How to Set a Number of Pages to Recognize
Sometimes recognizing entire documents isn't necessary: recognizing the first several pages is enough for indexing the document and adding it to the database.
Recognizing documents only partially can significantly reduce processing time and save pages in your license. A user can check if all the required data has been recognized during the verification stage and select additional pages for recognition if this is not the case. The number of pages available in your license will only decrement by the number of pages that were recognized.
Important! You can only select specific pages for recognition if the following conditions are met:
- Documents in the same job are processed and separated individually (the Create one document for each file in job option on the 3. Document Separation tab of the Workflow Properties dialog must be enabled).

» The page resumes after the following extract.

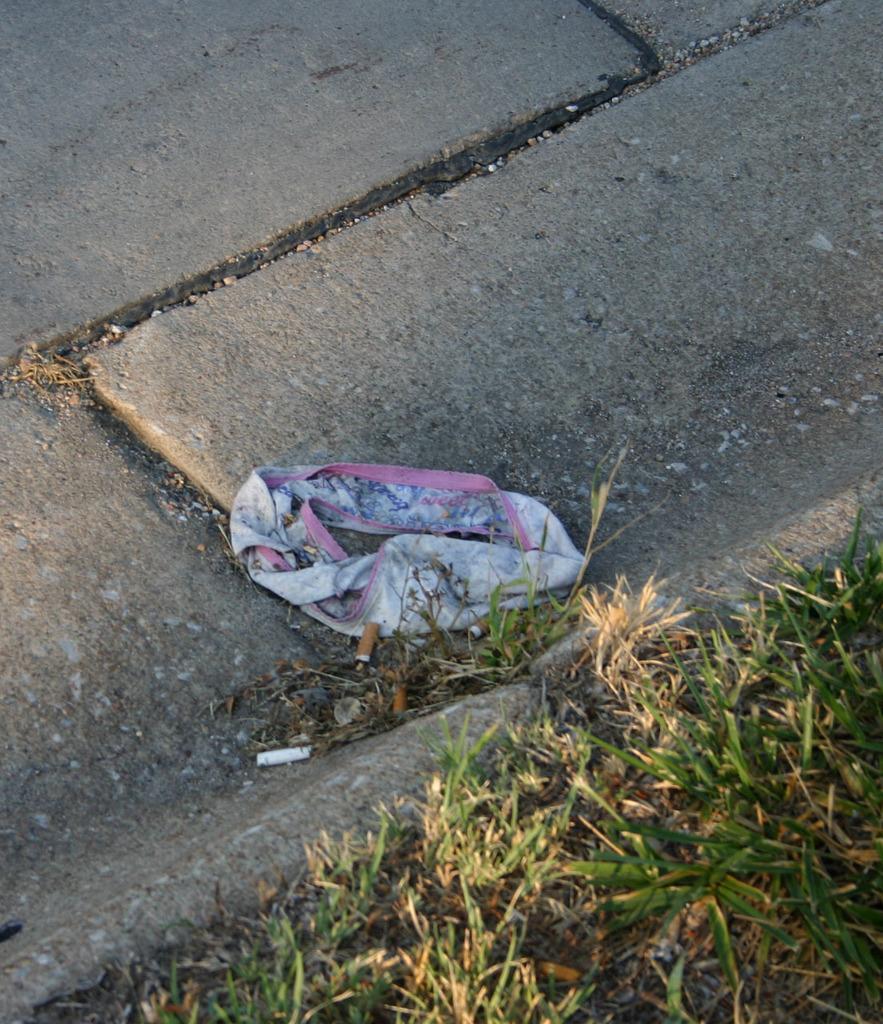Can you describe this image briefly? This image consists consists of a cloth on the road. At the bottom, there is green grass on the ground. And we can see the cigarette butts on the ground.

- Data is only exported to text formats such as TXT and HTML. PDF is not treated as a text format.
If other options are selected, all pages in documents will be recognized and notifications about this fact will appear in the Job Log (the notifications will contain the following message: Process first pages setting is not compatible with any document separation method except "Create one document for each file in job").
To set up partial recognition of documents using an XML ticket, complete the following steps.
- Create an XML ticket that contains the following information:
- Specify how many pages at the beginning of the document you want to process in the PageNumToRecognizeForSingleInputFile attribute of the <XmlTicket> element. Keep in mind that documents may start with a title page and a table of contents, so the first few pages of a document sometimes do not contain any useful information.
- Specify the name of the file you want to recognize in the Name attribute of the <InputFile> element. If you want to partially process two or more documents, create a list that contains their names.
Example of an XML ticket:
<InputFile Name="50.pdf" />
<InputFile Name="100.tif" />
This XML ticket tells ABBYY FineReader Server to recognize the first three pages in each file.
- Place the XML ticket in the Input folder used in the current workflow.
- Place image files in the Input folder used in the current workflow. If the workflow is running, the program will begin recognizing the images automatically.